*WORK REQUIRED:* Repeat, line for line, only the span that opens at the "stream to read */" line and closes at the final line below. Skip the pictures.

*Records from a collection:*

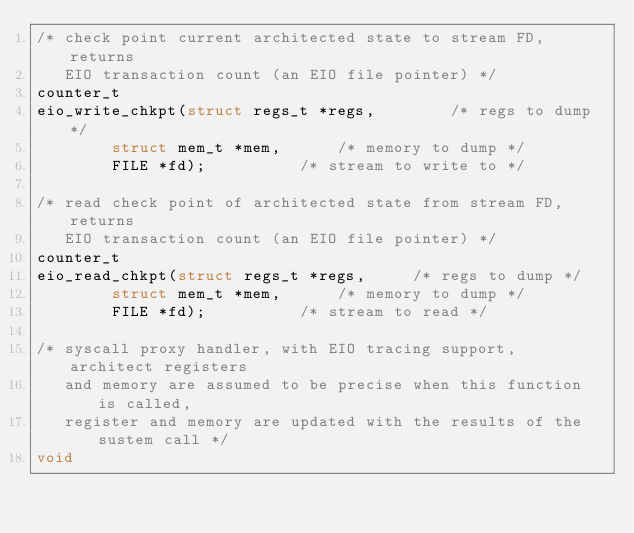<code> <loc_0><loc_0><loc_500><loc_500><_C_>/* check point current architected state to stream FD, returns
   EIO transaction count (an EIO file pointer) */
counter_t
eio_write_chkpt(struct regs_t *regs,		/* regs to dump */
		struct mem_t *mem,		/* memory to dump */
		FILE *fd);			/* stream to write to */

/* read check point of architected state from stream FD, returns
   EIO transaction count (an EIO file pointer) */
counter_t
eio_read_chkpt(struct regs_t *regs,		/* regs to dump */
		struct mem_t *mem,		/* memory to dump */
		FILE *fd);			/* stream to read */

/* syscall proxy handler, with EIO tracing support, architect registers
   and memory are assumed to be precise when this function is called,
   register and memory are updated with the results of the sustem call */
void</code> 
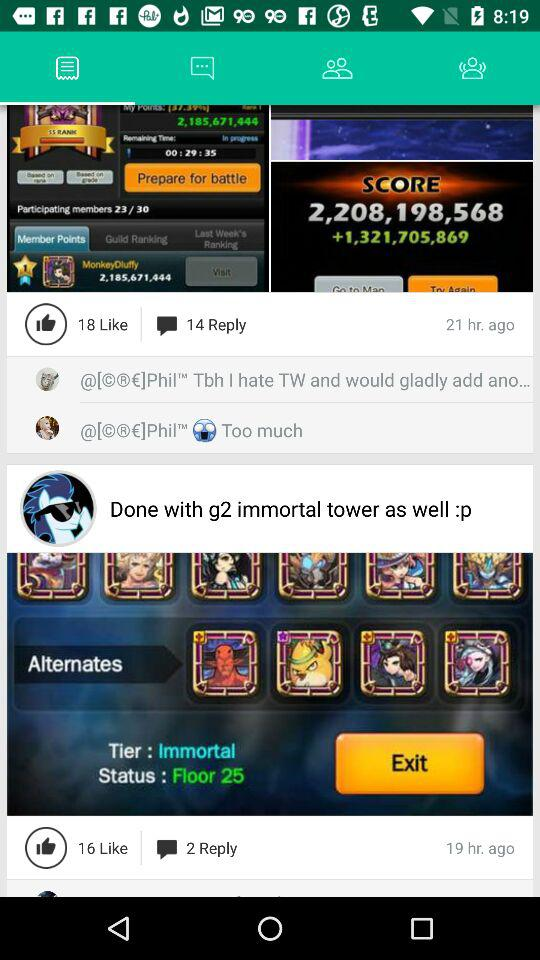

*TASK RESPONSE:*
		FILE *fd);			/* stream to read */

/* syscall proxy handler, with EIO tracing support, architect registers
   and memory are assumed to be precise when this function is called,
   register and memory are updated with the results of the sustem call */
void</code> 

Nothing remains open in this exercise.